O interno do Presídio de Segurança Máxima de Campo Grande responsável pela contratação dos serviços foi identificado apenas como "Henrique".

Diante dos fatos, os policiais deram voz de prisão aos autores e posteriormente foram encaminhados Delegacia de Pronto Atendimento Comunitário da Cepol (DEPAC-CEPOL).

Operação Pombo Sem Asas

Em março, o Ministério Público de Mato Grosso do Sul (MPMS), por intermédio do Grupo de Atuação Especial de Repressão ao Crime Organizado (Gaeco), deflagrou, a operação Pombos Sem Asas, que cumpriu 35 mandados de prisão e cinco mandados de busca e apreensão contra ação do PCC em presídios em Campo Grande e nos estados de São Paulo, Mato Grosso e Rio Grande do Norte.

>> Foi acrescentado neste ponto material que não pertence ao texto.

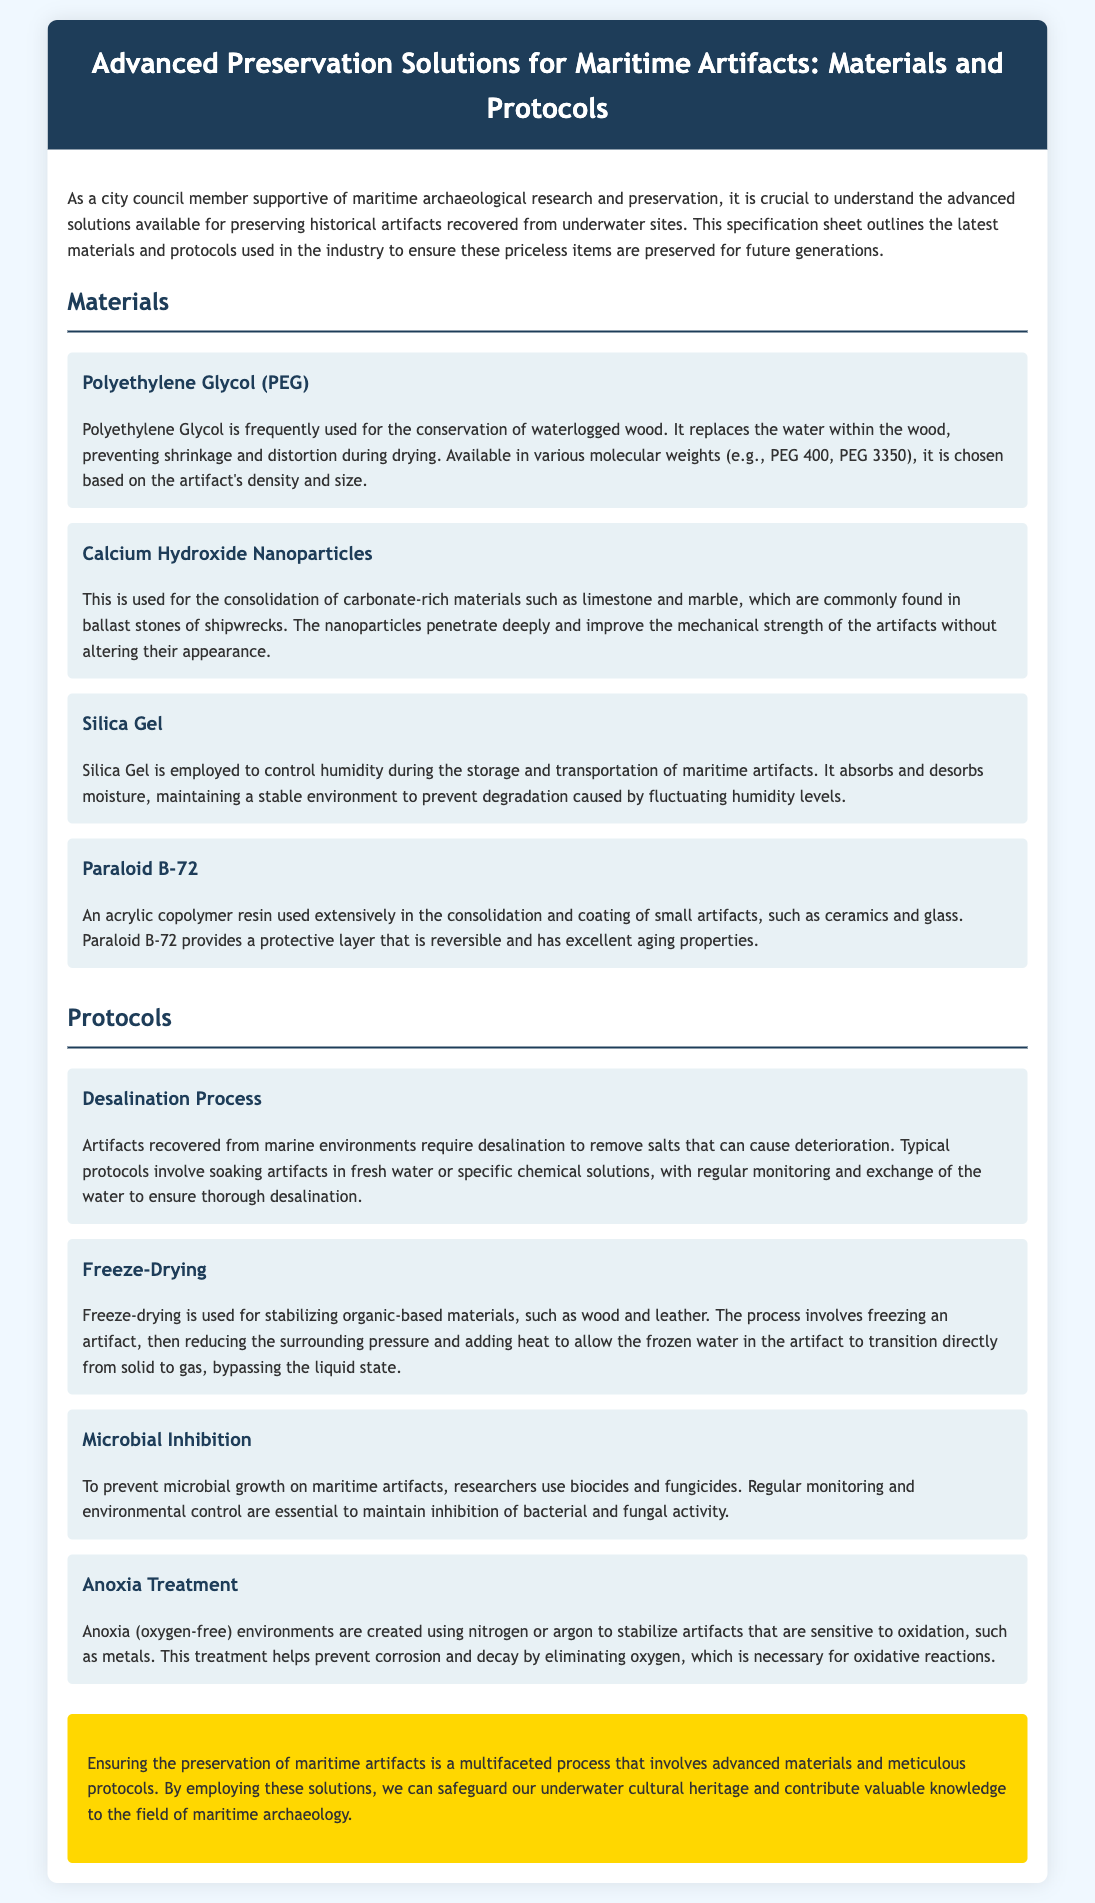what is the primary material used for the conservation of waterlogged wood? The document states that Polyethylene Glycol is frequently used for this purpose.
Answer: Polyethylene Glycol which nanoparticle is used for consolidating carbonate-rich materials? The document mentions Calcium Hydroxide Nanoparticles for this purpose.
Answer: Calcium Hydroxide Nanoparticles what protocol involves soaking artifacts in fresh water? The process described for removing salts from artifacts is called Desalination Process.
Answer: Desalination Process what is the purpose of utilizing Silica Gel in artifact preservation? The document explains that Silica Gel is employed to control humidity during storage and transportation.
Answer: Control humidity which treatment creates an oxygen-free environment to stabilize sensitive artifacts? The document refers to Anoxia Treatment for creating such environments.
Answer: Anoxia Treatment how does freeze-drying help preserve organic materials? The document describes that freeze-drying stabilizes materials by allowing frozen water to transition directly from solid to gas.
Answer: Stabilizing materials what is one method mentioned to prevent microbial growth? The document explains that biocides and fungicides are used as one method for prevention.
Answer: Biocides and fungicides which material provides a reversible protective layer for small artifacts? The document mentions Paraloid B-72 as an acrylic copolymer resin for this purpose.
Answer: Paraloid B-72 
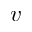Convert formula to latex. <formula><loc_0><loc_0><loc_500><loc_500>v</formula> 
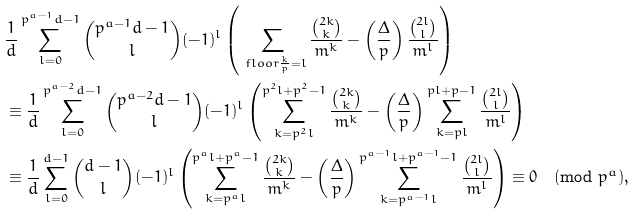Convert formula to latex. <formula><loc_0><loc_0><loc_500><loc_500>& \frac { 1 } { d } \sum _ { l = 0 } ^ { p ^ { a - 1 } d - 1 } \binom { p ^ { a - 1 } d - 1 } { l } ( - 1 ) ^ { l } \left ( \sum _ { \ f l o o r { \frac { k } { p } } = l } \frac { \binom { 2 k } { k } } { m ^ { k } } - \left ( \frac { \Delta } { p } \right ) \frac { \binom { 2 l } { l } } { m ^ { l } } \right ) \\ & \equiv \frac { 1 } { d } \sum _ { l = 0 } ^ { p ^ { a - 2 } d - 1 } \binom { p ^ { a - 2 } d - 1 } { l } ( - 1 ) ^ { l } \left ( \sum _ { k = p ^ { 2 } l } ^ { p ^ { 2 } l + p ^ { 2 } - 1 } \frac { \binom { 2 k } { k } } { m ^ { k } } - \left ( \frac { \Delta } { p } \right ) \sum _ { k = p l } ^ { p l + p - 1 } \frac { \binom { 2 l } { l } } { m ^ { l } } \right ) \\ & \equiv \frac { 1 } { d } \sum _ { l = 0 } ^ { d - 1 } \binom { d - 1 } { l } ( - 1 ) ^ { l } \left ( \sum _ { k = p ^ { a } l } ^ { p ^ { a } l + p ^ { a } - 1 } \frac { \binom { 2 k } { k } } { m ^ { k } } - \left ( \frac { \Delta } { p } \right ) \sum _ { k = p ^ { a - 1 } l } ^ { p ^ { a - 1 } l + p ^ { a - 1 } - 1 } \frac { \binom { 2 l } { l } } { m ^ { l } } \right ) \equiv 0 \pmod { p ^ { a } } ,</formula> 
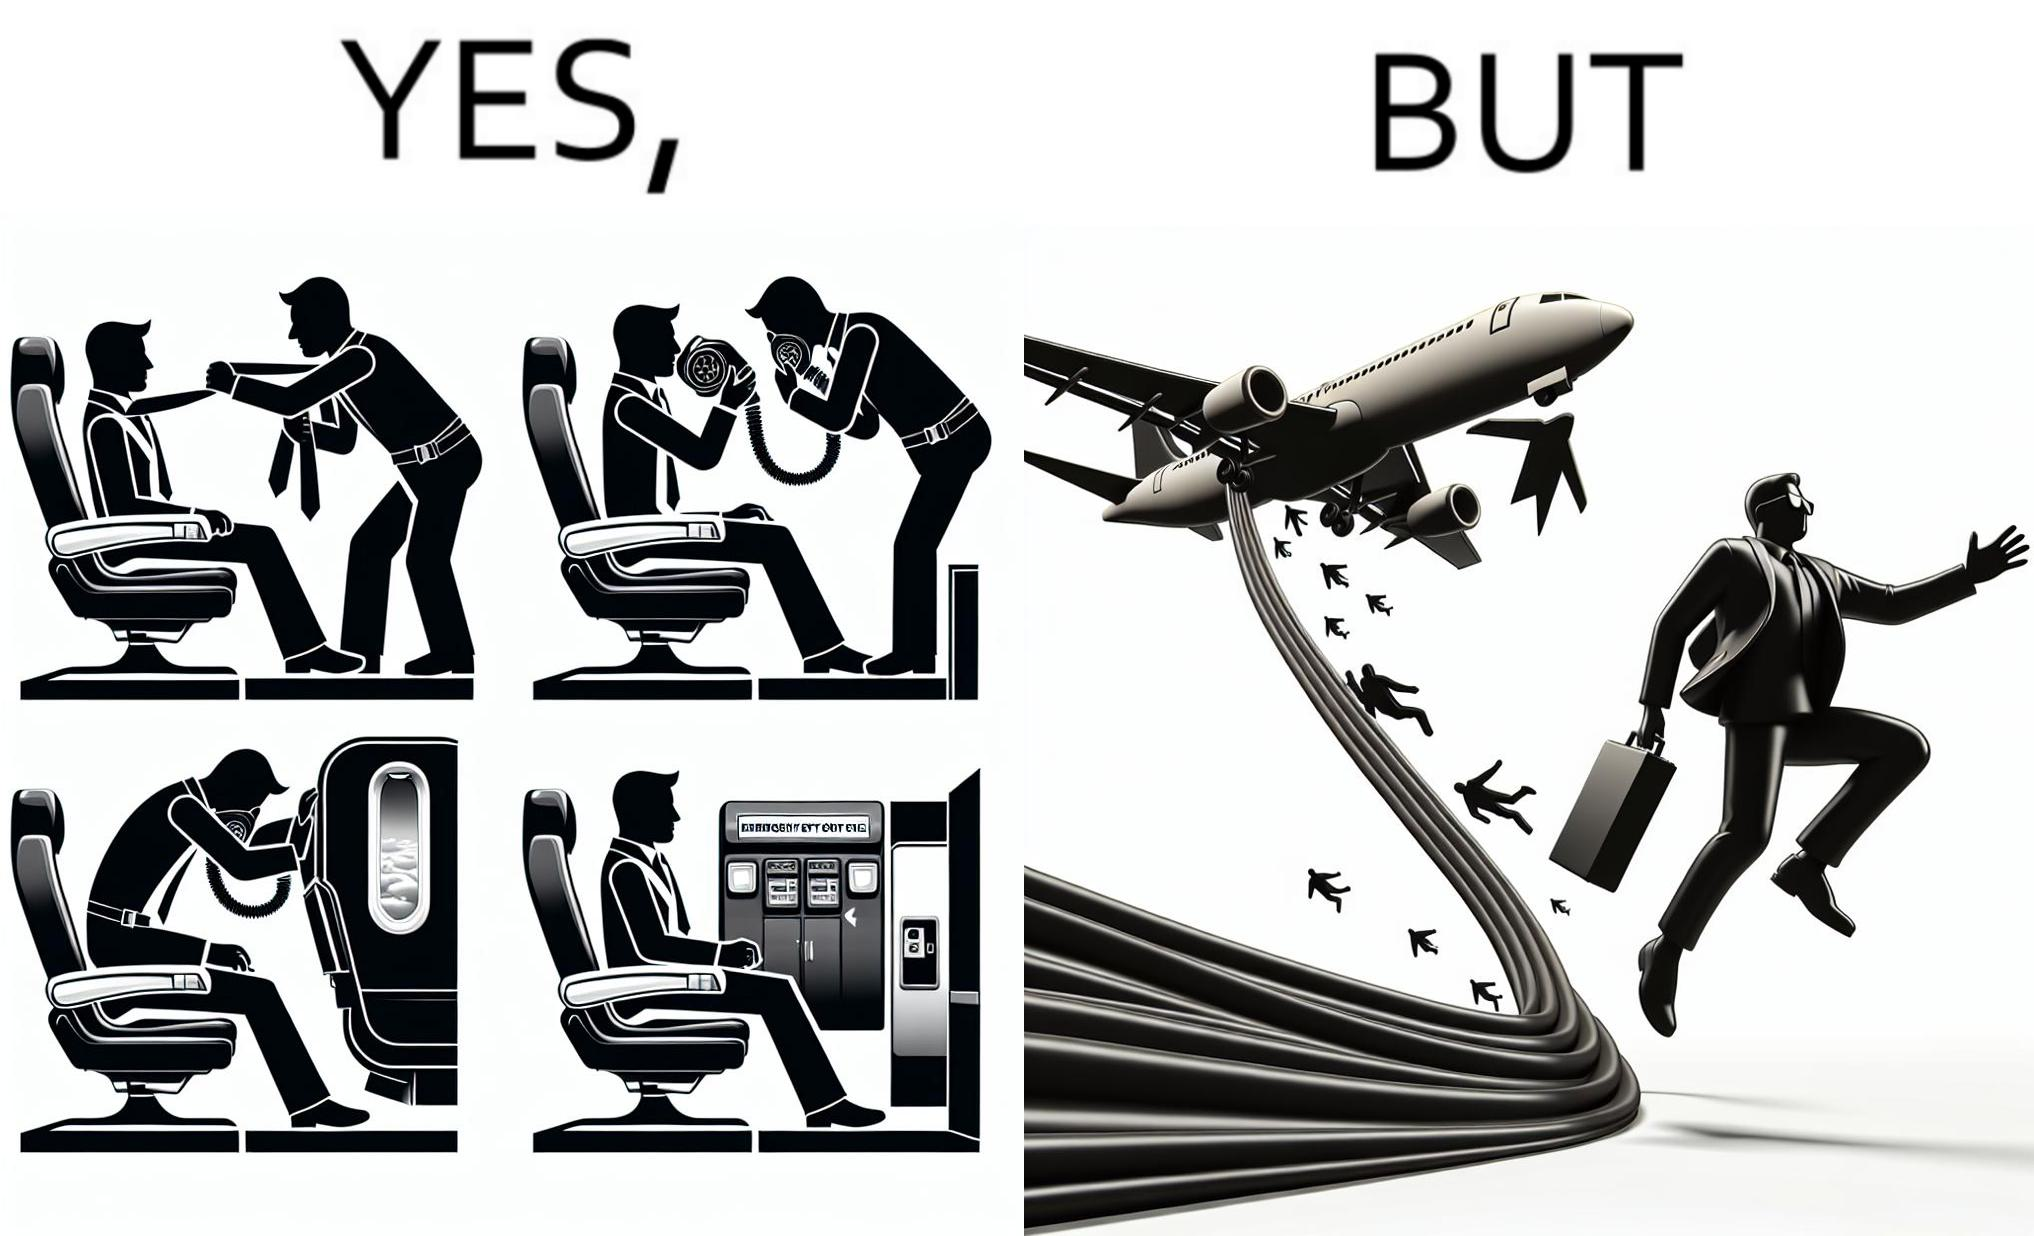Is this a satirical image? Yes, this image is satirical.

O esquema envolveu a corrupção de um servidor público que recebia propina para facilitar a entrada de drogas em presídios de Campo Grande.

“Pombo Sem Asas” faz alusão ao termo utilizado pelos próprios criminosos para nomear os pacotes contendo drogas e celulares lançados para o interior do presídio (“pombos”), seja por arremessos manuais, seja com o uso de drones, e à ação do Estado em interromper esse fluxo, neutralizando a logística de comunicação e o abastecimento de materiais ilícitos para a organização criminosa.